[Opening DATASET RECORDS section]

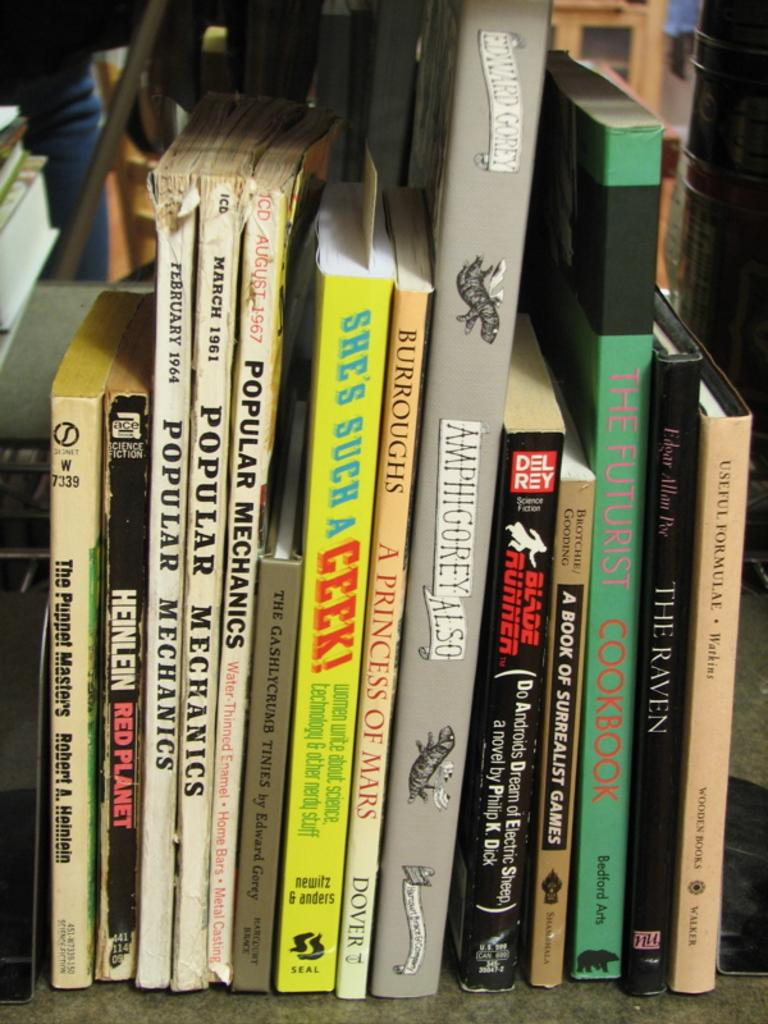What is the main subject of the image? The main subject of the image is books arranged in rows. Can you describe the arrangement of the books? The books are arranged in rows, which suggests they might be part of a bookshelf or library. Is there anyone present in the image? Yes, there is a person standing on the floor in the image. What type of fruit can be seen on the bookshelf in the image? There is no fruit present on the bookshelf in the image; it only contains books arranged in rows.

[Closing DATASET RECORDS section]
[Opening DATASET RECORDS section]

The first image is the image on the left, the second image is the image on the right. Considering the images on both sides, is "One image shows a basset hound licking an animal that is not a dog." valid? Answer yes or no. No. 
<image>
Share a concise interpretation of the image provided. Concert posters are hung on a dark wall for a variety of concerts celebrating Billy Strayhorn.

[Closing DATASET RECORDS section]
[Opening DATASET RECORDS section]

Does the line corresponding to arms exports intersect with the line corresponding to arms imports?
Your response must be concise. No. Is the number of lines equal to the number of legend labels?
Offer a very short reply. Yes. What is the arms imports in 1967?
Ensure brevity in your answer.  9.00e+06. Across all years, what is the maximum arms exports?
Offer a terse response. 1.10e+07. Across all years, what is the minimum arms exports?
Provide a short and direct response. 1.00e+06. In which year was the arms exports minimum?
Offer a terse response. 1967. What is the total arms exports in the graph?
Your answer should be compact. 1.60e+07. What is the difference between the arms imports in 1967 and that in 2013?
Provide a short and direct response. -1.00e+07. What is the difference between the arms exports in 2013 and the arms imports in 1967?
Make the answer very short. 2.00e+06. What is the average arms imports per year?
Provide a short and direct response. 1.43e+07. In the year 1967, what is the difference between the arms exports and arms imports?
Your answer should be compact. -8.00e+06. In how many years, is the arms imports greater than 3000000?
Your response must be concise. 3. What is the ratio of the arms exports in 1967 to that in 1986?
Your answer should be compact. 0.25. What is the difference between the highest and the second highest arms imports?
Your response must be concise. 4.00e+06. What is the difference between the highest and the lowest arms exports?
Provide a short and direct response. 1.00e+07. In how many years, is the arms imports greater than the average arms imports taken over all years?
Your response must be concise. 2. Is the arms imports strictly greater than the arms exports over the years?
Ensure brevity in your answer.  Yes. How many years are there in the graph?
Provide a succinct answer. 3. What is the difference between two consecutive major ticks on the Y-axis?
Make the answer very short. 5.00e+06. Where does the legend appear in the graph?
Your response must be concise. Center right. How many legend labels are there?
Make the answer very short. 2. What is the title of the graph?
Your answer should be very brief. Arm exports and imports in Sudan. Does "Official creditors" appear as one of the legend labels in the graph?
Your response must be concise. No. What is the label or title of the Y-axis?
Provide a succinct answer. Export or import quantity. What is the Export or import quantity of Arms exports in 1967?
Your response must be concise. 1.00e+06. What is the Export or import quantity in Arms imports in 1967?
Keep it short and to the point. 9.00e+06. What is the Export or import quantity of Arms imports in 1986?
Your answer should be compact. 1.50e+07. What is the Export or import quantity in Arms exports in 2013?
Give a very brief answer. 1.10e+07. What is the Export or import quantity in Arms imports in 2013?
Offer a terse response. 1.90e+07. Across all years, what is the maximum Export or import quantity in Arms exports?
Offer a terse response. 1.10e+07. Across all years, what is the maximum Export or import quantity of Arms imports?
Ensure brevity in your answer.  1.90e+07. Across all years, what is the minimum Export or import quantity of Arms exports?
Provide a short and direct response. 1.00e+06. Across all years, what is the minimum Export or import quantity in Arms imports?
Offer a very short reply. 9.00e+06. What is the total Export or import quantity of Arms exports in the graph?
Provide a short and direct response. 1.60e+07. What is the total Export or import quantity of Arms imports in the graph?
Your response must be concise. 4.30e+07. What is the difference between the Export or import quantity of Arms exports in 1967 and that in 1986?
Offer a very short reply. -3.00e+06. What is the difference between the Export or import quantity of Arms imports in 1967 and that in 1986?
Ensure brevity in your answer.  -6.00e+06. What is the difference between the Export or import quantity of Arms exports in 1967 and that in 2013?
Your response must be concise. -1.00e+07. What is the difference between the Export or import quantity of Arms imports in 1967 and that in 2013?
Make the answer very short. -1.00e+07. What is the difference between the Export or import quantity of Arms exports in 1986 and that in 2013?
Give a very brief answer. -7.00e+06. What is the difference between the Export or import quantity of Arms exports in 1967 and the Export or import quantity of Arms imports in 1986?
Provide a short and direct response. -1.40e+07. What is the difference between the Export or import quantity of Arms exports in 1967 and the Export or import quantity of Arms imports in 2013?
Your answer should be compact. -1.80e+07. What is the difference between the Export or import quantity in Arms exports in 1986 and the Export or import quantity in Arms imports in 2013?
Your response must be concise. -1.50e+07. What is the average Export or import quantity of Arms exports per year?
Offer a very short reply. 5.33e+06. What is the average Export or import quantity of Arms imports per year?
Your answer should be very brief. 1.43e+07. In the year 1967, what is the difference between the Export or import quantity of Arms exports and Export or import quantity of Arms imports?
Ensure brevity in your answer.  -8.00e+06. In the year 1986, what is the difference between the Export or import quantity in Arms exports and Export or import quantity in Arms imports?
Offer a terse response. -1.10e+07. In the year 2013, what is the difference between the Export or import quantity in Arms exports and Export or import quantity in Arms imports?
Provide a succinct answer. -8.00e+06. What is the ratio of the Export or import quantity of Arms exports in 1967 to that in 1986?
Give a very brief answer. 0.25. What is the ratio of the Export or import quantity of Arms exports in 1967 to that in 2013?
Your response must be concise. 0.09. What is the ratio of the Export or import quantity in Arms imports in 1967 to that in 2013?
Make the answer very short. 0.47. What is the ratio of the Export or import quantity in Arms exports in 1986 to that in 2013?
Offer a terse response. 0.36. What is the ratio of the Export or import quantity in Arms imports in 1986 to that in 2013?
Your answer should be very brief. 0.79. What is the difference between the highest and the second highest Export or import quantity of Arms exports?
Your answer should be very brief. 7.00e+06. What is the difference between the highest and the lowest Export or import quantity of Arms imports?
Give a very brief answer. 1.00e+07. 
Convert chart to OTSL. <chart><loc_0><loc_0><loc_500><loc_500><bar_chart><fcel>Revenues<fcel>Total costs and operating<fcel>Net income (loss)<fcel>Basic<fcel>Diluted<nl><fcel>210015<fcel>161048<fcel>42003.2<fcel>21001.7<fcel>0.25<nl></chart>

[Closing DATASET RECORDS section]

Find the lines of the listing above that hold "graph". Please copy them.

▶ **RESPONSE FOR THIS EXERCISE**
Offer a terse response. 1967. What is the total arms exports in the graph?
Ensure brevity in your answer.  Yes. How many years are there in the graph?
Make the answer very short. 5.00e+06. Where does the legend appear in the graph?
Make the answer very short. 2. What is the title of the graph?
Your answer should be very brief. Arm exports and imports in Sudan. Does "Official creditors" appear as one of the legend labels in the graph?
Offer a very short reply. 9.00e+06. What is the total Export or import quantity of Arms exports in the graph?
Provide a short and direct response. 1.60e+07. What is the total Export or import quantity of Arms imports in the graph?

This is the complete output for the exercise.